US markets have reached new peaks and European investor confidence has surged. What next?

Two words have the capacity to both make equity investors very happy and leave market-watchers fretting about the prospects of an imminent slump. They are “record rally”. The drag of Apple’s plunging stock notwithstanding, a record rally is what has just taken place on the Standard and Poor’s 500 Index. It touched new highs this week, exceeding the previous record high of October 2007. For equity investors in the US market, the losses of the recession – and there were more than $10 trillion worth of losses – have been left behind.

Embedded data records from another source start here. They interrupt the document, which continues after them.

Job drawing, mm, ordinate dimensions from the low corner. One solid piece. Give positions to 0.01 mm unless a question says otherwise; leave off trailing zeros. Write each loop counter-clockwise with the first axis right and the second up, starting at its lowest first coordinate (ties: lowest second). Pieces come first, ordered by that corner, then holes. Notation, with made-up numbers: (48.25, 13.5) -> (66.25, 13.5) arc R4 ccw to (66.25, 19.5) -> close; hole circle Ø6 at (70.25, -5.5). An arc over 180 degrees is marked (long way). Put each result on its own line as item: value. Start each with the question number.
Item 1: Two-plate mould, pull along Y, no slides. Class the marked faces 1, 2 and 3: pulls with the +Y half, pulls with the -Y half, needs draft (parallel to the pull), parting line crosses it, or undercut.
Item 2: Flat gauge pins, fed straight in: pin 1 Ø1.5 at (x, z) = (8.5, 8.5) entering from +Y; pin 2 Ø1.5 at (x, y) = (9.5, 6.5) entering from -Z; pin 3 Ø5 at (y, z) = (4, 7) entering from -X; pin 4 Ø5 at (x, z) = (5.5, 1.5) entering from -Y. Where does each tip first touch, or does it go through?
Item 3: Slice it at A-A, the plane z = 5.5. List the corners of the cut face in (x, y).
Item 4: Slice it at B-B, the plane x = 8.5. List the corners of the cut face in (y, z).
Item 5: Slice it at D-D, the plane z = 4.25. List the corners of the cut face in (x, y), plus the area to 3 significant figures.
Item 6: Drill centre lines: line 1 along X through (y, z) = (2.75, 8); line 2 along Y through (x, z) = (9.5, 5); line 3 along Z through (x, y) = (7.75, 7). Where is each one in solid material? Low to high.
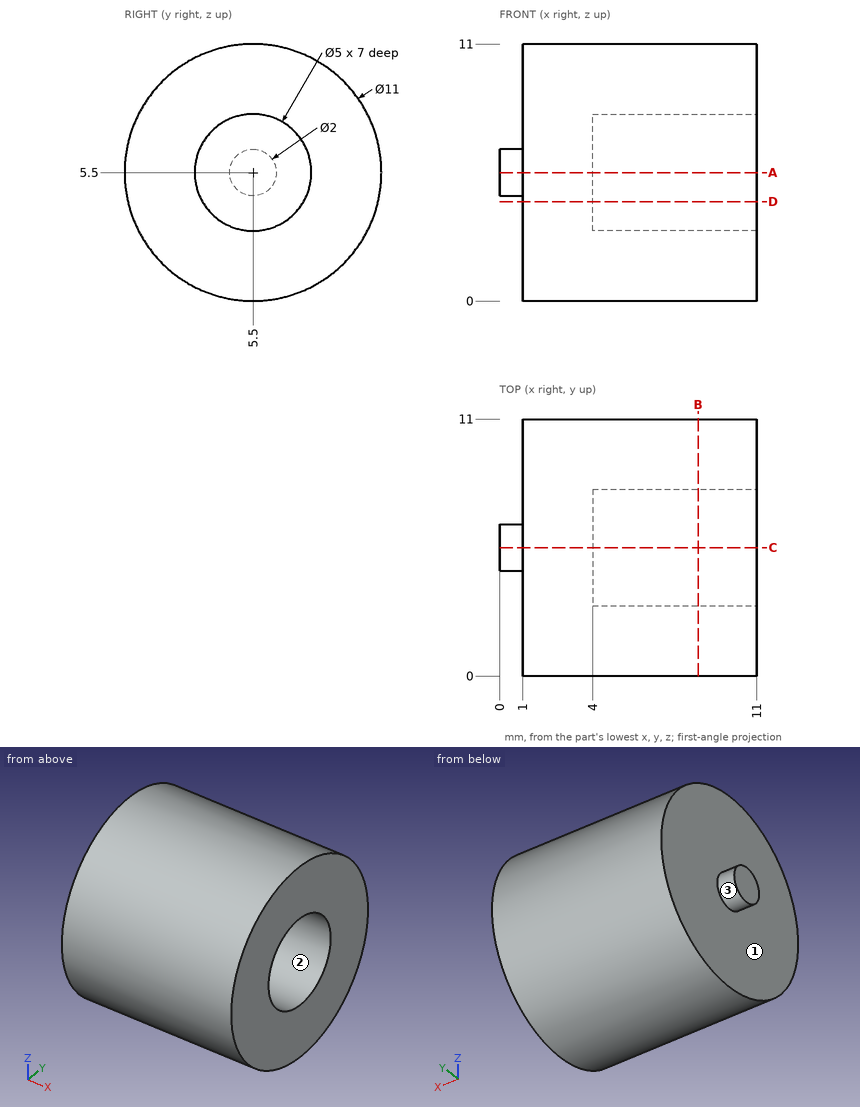
Values follow:
1. face 1: needs draft
1. face 2: undercut
1. face 3: parting line crosses it
2. pin 1: y = 10.52
2. pin 2: z = 0.01
2. pin 3: x = 0
2. pin 4: y = 0.21
3. outline: (0, 4.5) -> (1, 4.5) -> (1, 0) -> (11, 0) -> (11, 3) -> (4, 3) -> (4, 8) -> (11, 8) -> (11, 11) -> (1, 11) -> (1, 6.5) -> (0, 6.5) -> close
4. outline: circle Ø11 at (5.5, 5.5); hole circle Ø5 at (5.5, 5.5)
5. outline: (1, 0.14) -> (11, 0.14) -> (11, 3.33) -> (4, 3.33) -> (4, 7.67) -> (11, 7.67) -> (11, 10.86) -> (1, 10.86) -> close
5. area: 76.8 mm2
6. line 1: 1 to 11
6. line 2: 0.02 to 3.05, 7.95 to 10.98
6. line 3: 0.21 to 3.5, 7.5 to 10.79

As ever, analysts are now split between the bulls who point to spiralling corporate profits and say the rally has more left to run, and the bears who point to the interventions of the Federal Reserve in the US economy and say that their stimulus actions foster a positive mood that is little more than an illusion.

In Europe, investor confidence has jumped. The first quarter of 2013 was the third consecutive quarter of gains, while in Britain, the FTSE 100 has just completed 10 consecutive months of gains – only the second time it has ever done so. Yet the full-steam-ahead start to the year in January had some wondering when the market might start to cool off.

European stocks were little changed last week, as uncertainty about Brussels’ handling of the Cypriot crisis and political deadlock in Italy prevented anyone from getting carried away.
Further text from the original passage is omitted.